Zensur? - Nein, Danke!
von Sina Kamala Kaufmann
8. Juni 2009
Die Bundesregierung will das Telemediengesetz ändern, um Zugangsprovider dazu zu verpflichten, anhand geheimer Sperrlisten des BKA bestimmte Seiten zu “sperren”. Die Bundesregierung baut hiermit eine Infrastruktur für eine Zensur des Internets auf.
Die Bundesregierung behauptet, mit dem Gesetz gegen Kinderpornographie im Internet vorgehen zu wollen. Dazu braucht man aber keine Zensur durch nicht kontrollierbare Listen der Sicherheitsbehörden. Kinderpornographie ist ein schreckliches Verbrechen – und daher muss dagegen mit allen Mitteln des Rechtsstaats vorgegangen werden, um die Inhalte aus dem Internet zu löschen und die Täter zu verfolgen. Das geht auch schon heute. Wir haben strikte Gesetze gegen Kinderpornographie und gute Strafverfolgungsbehörden, die das auch durchsetzen können. Sperren aber hilft nicht, denn die schrecklichen Bilder und Filme bleiben im Internet.
Die Bundesregierung geht davon aus, dass auch legale Seiten gesperrt werden. Das ist quasi unvermeidbar, weil es nicht immer einfach ist, zu unterscheiden, ob es sich um kriminelle Inhalte handelt und weil die widerlichen Filme auch oft genug den Server wechseln. In Australien wurde die Seite eines Zahnarztes gesperrt. Und eine Wahlkampfseite von Hillary Clinton in Thailand. In England wurde die Abbildung eines Plattencovers der Scorpions gesperrt. Alles wegen angeblicher Kinderpornographie. Alles aus Versehen. Auch die Seiten der Sperrgegner, die gesperrt wurden.
Jede legale gesperrte Seite ist ein Eingriff in die Meinungs- und Informationsfreiheit. Jede legale gesperrte Seite kann einen Eingriff in die Berufsfreiheit und in die allgemeine Handlungsfreiheit darstellen. Jede legale gesperrte Seite ist ein ungerechtfertigter Eingriff in die Telekommunikationsfreiheit. Unsere Demokratie lebt von Meinungsfreiheit. Von Informationsfreiheit. Diese Freiheiten dürfen nicht geopfert werden für eine Maßnahme, die ihr Ziel ohnehin nicht erreichen kann.

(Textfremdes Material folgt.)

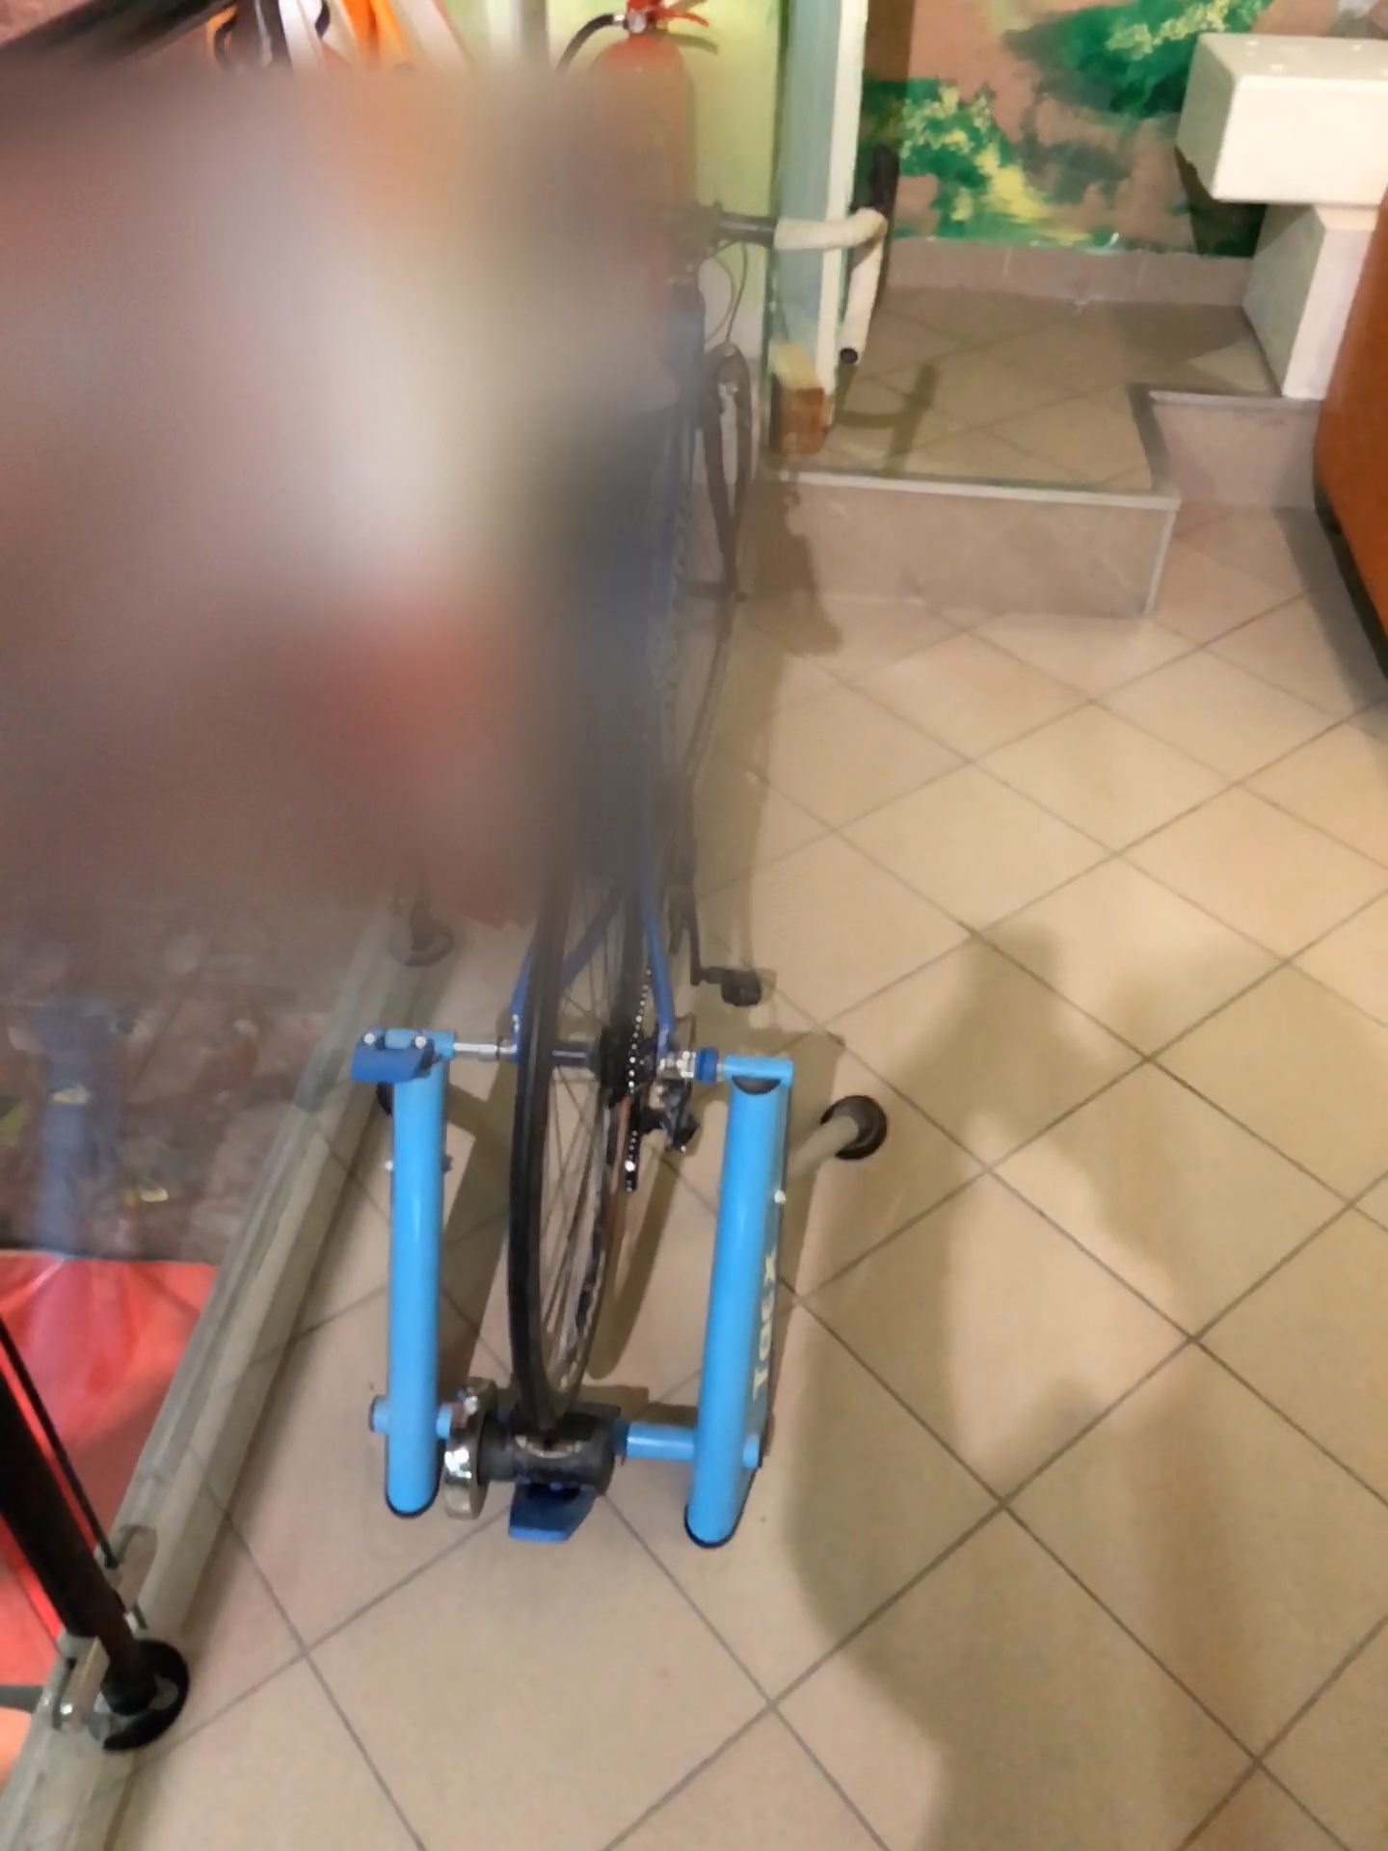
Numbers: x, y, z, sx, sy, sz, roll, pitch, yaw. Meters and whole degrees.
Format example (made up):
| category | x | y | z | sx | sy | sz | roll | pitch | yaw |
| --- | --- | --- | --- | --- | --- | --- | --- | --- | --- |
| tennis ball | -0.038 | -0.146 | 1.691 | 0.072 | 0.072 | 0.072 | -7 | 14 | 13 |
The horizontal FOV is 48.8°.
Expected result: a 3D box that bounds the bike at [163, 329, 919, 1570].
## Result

Die Zugangsprovider sollen nach dem Willen der Bundesregierung künftig Stopp-Seiten einrichten. Wer eine Internetseite aufruft, die auf der geheimen Sperrliste steht, gelangt so zu einem virtuellen Stopp-Schild. Es ist unter Strafe verboten, die Liste weiterzugeben oder zu veröffentlichen, was auf der Liste steht. Es gibt keine richterliche Kontrolle, wer oder was auf die Sperrliste gelangt. Kein Betreiber einer gesperrten Website wird darüber in Kenntnis gesetzt. Es gibt keine Möglichkeit, gegen eine unberechtigte Sperrung Widerspruch einzulegen.
Durch Sperren wird kein Kind geschützt, weil die Stopp-Seiten ohne Weiteres zu umgehen sind. Damit wird kein Täter zur Verantwortung gezogen, der Kinder missbraucht und die Filme davon ins Internet stellt. Statt dessen wird jeder, der die Internetseite aufruft, zum Verdächtigen gemacht, denn die Provider können dessen Daten an das BKA übermitteln. Wer also zufällig auf einer Stopp-Seite landet, wird gleich verdächtig. Wer das vermeiden will, sollte besser nicht mehr auf Links klicken. Das Bundesverfassungsgericht nennt diesen sog. “Chilling Effect” die mittelbare Beeinträchtigung der Freiheit.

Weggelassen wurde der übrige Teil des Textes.